Grantee Research Project Results

The purpose of this Phase I Small Business Innovation Research (SBIR) project was to develop safe decommission of nickel metal hydride (NiMH) alkaline batteries and recycling of rare earth elements (REE) from their negative electrode. This Phase I SBIR project developed safe methods of recycling rare earth alloys from used NiMH batteries. Alloys of rare earth metal, nickel and other metals provide functional hydride storage materials that are critical to the operation of NiMH batteries and their applications. The current fleet of hybrid electric vehicles (HEVs) relies on NiMH batteries. The first fleet of vehicles manufactured in the early 2000s will reach recycling age in the 2010’s. NiMH represent a billion dollar industry, and the growth will continue in HEVs, grid storage, and consumer electronic applications. Currently, end-of-life NiMH batteries find use as feedstock for stainless steel manufacturing. The practice disposes of the battery safely, but does not recover any rare earth elements and reduces potential benefits for battery rare earth recycling, such as reduction in manufacturing cost and reliance on rare-earth mining. When NiMH is used for stainless steel, battery replacement and its market growth remains reliant on mined rare earth metals. This project decommissioned used NiMH batteries and recycled the rare earth material from electrodes, making them useful for manufacturing new NiMH batteries. This project demonstrated safety and technical feasibility that will be foundational for a new industry aimed at recycling advanced batteries from the growing fleet of HEVs. Successful recycling developed in this proposal provides an economic way for the Nation to conserve critical materials, avoid pollution associated with mining and establish the next generation of industrial infrastructure to serve the growing HEV market.

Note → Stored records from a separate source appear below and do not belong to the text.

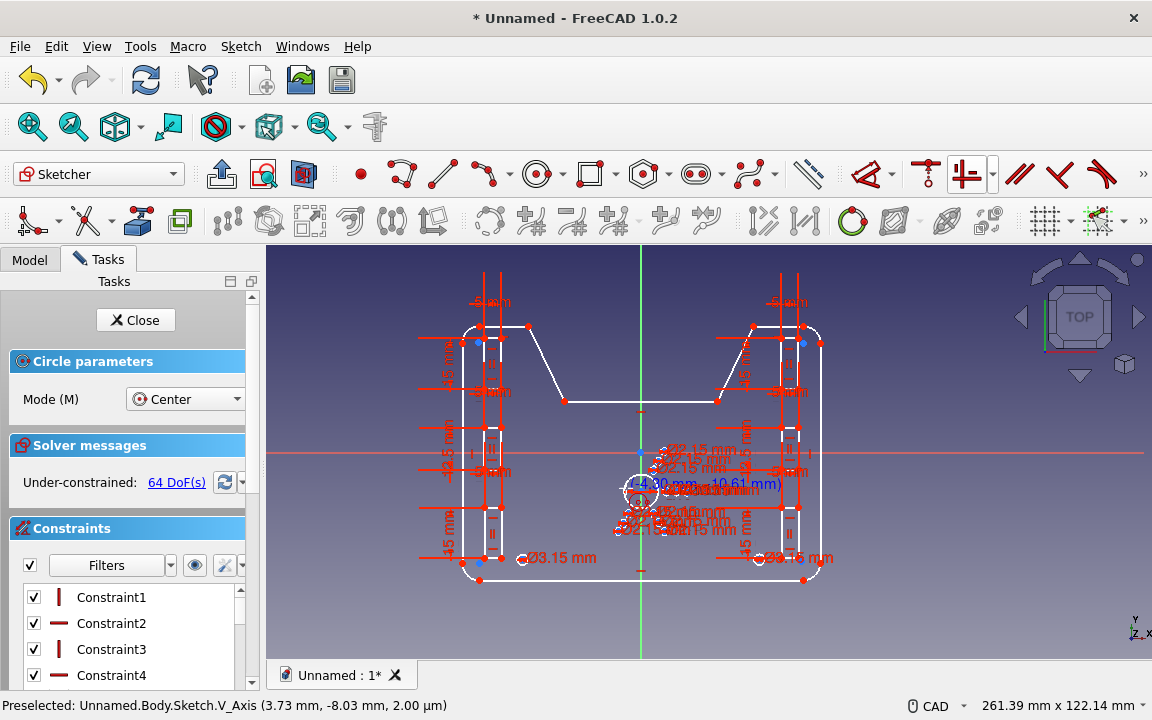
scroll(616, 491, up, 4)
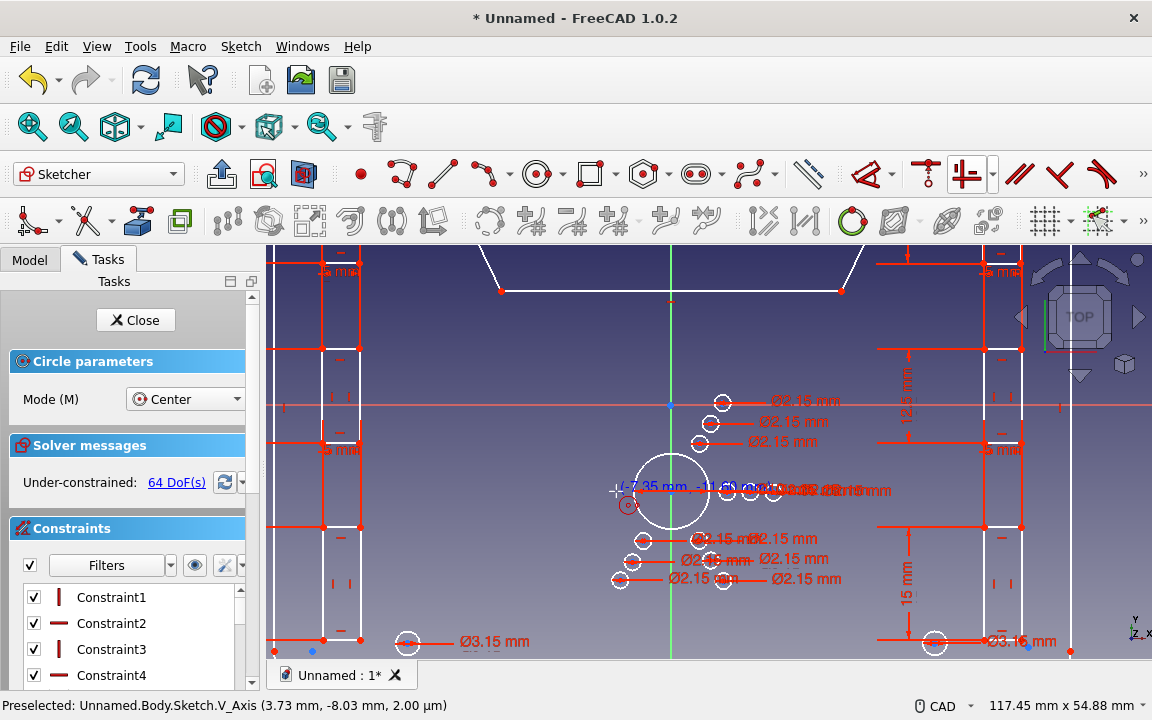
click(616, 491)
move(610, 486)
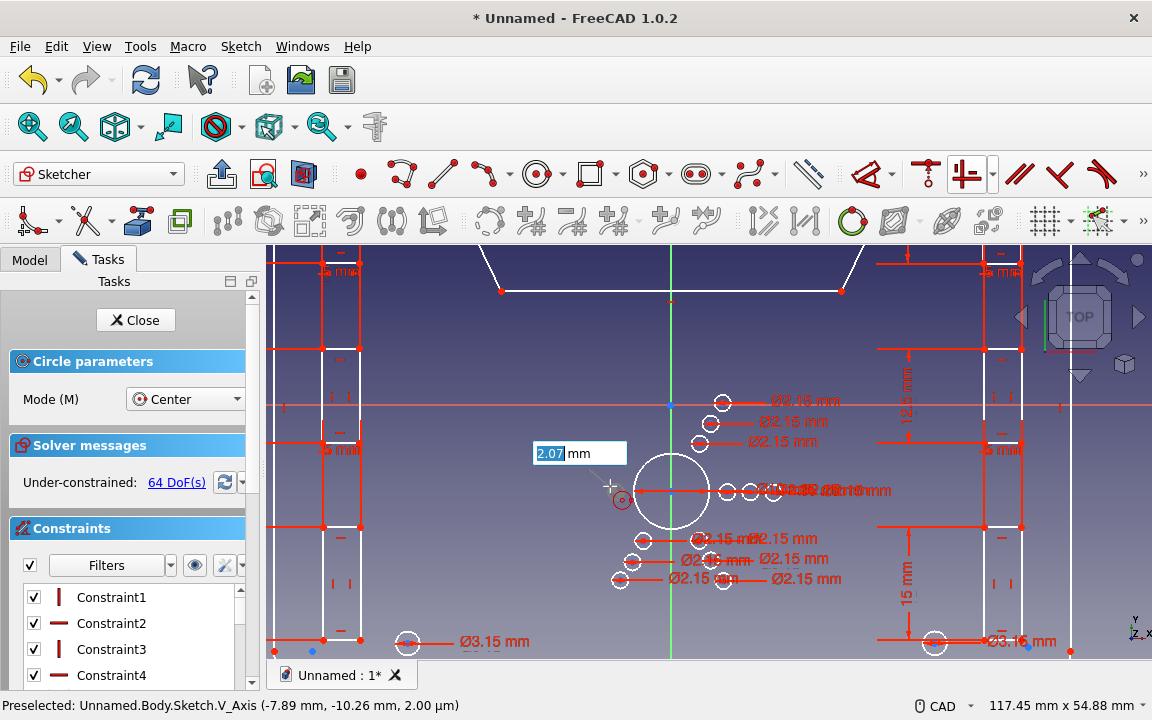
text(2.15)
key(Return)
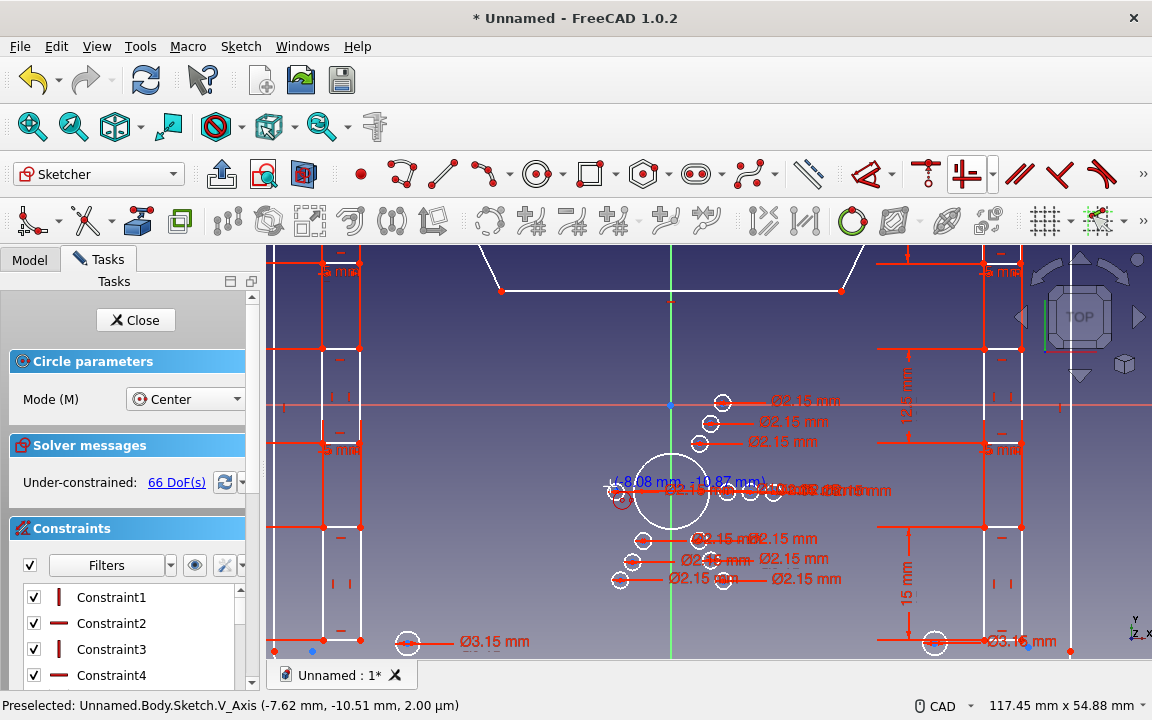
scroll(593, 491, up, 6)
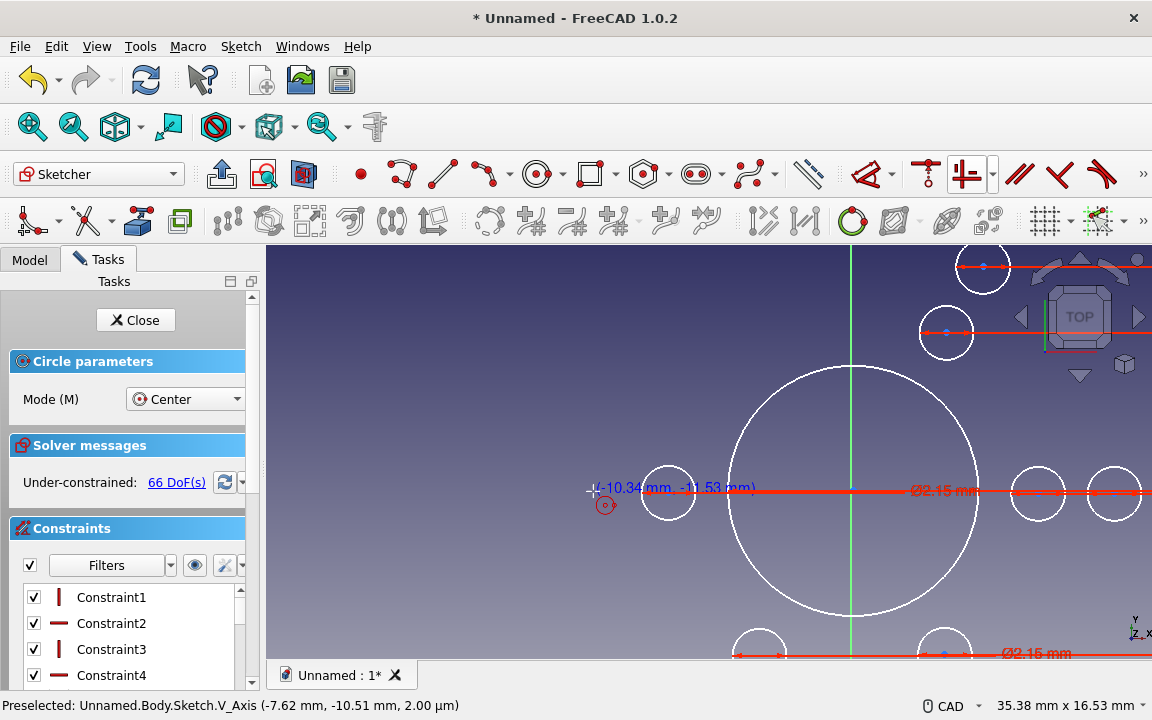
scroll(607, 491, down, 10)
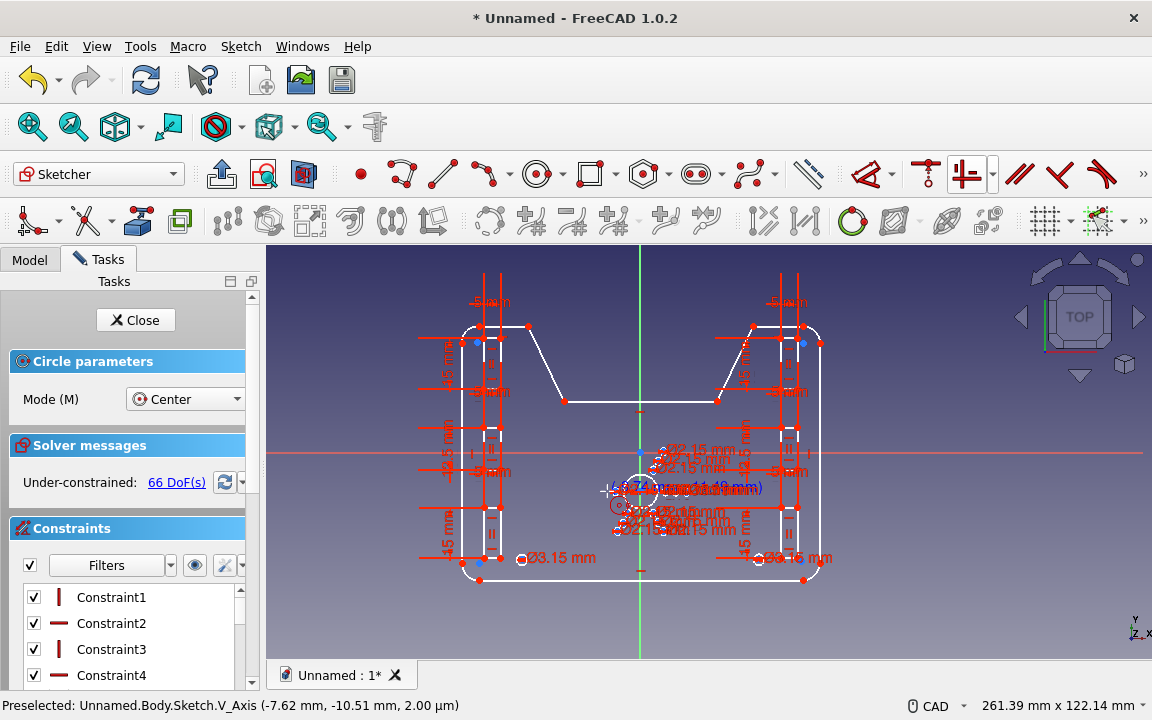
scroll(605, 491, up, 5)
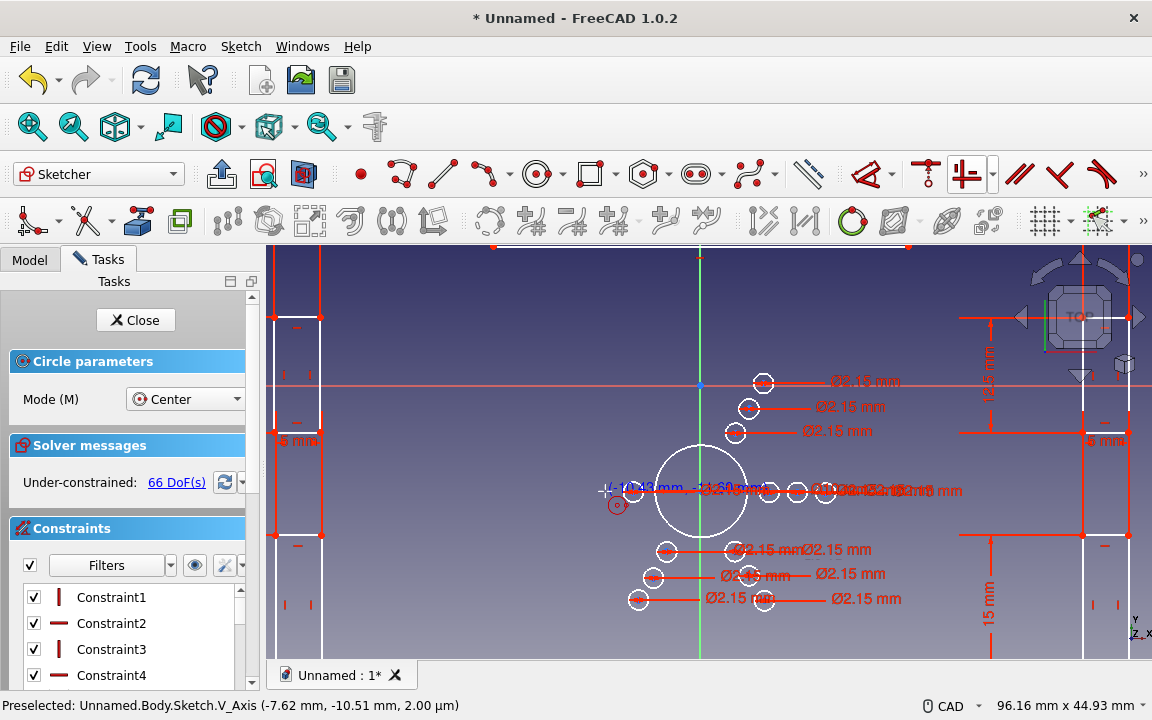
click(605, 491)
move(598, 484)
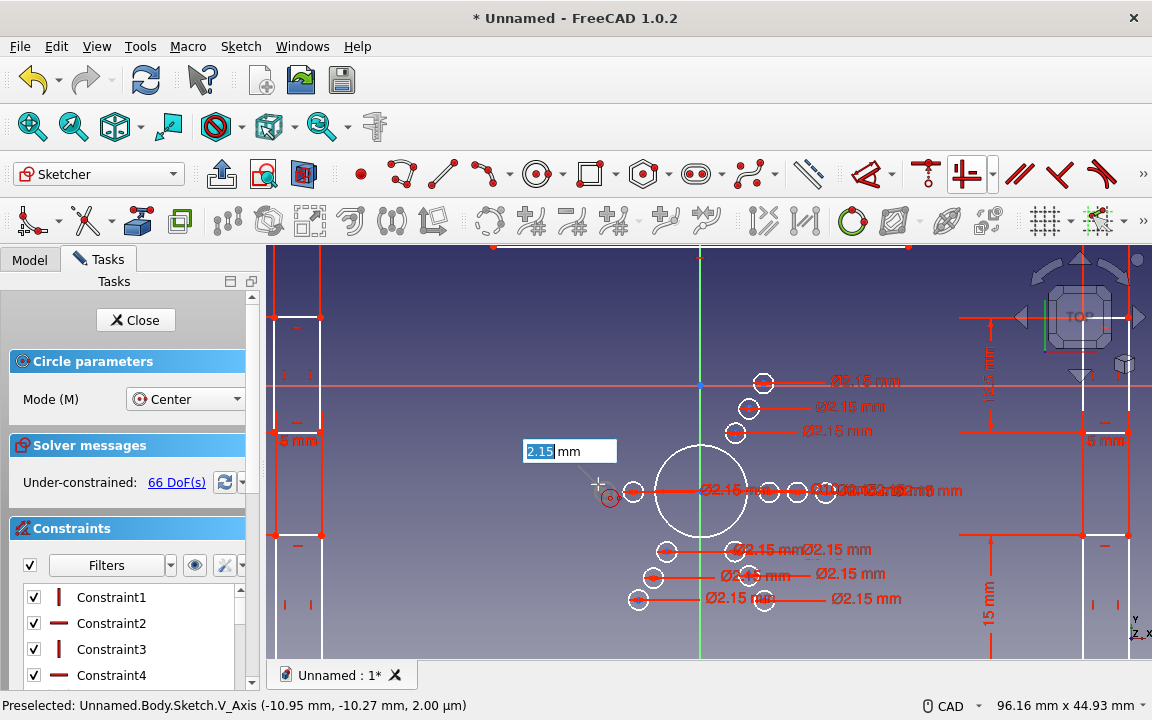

Safe decommission: Large-format NiMH batteries were treated using green-chemical processing techniques. They were opened and negative electrode material was harvested. They did not catch fire when exposed to air, which is observed and expected for the untreated cells. This observation documents the green-chemical decommission process. The treatment successfully eliminated potassium hydroxide, which is a toxic chemical present in the batteries. The process parameters were identified, and allow for reasonable, commercially accessible processes.

 

Rare earth metal isolation: The project developed separation of rare earth metals from used NiMH batteries. The recovered metals were reduced to a metallic, zero-valent mischmetal. The process model and product is feasible to practice on a commercial scale, including production of mischmetal, which is a marketable product in manufacturing of NiMH batteries.

 

Commercial Application:

The NiMH battery is the HEV industry standard for performance, safety and price, with historical NiMH cost ~ $200/kWh. There are more than 2 million HEVs in the United States. The feasibility of decommission can be commercially applied to improve safety in transportation and processing for end-of-life, alkaline, metal hydride batteries from small and large products. An HEV pack contains greater than 60kg of rare earth and other metals. The recycling feasibility can be commercially applied to low temperature separation of rare earth metals from NiMH battery residues. Decommission of consumer alkaline batteries is a near-term commercial application. Large commercialization partners are evaluating the process for this application.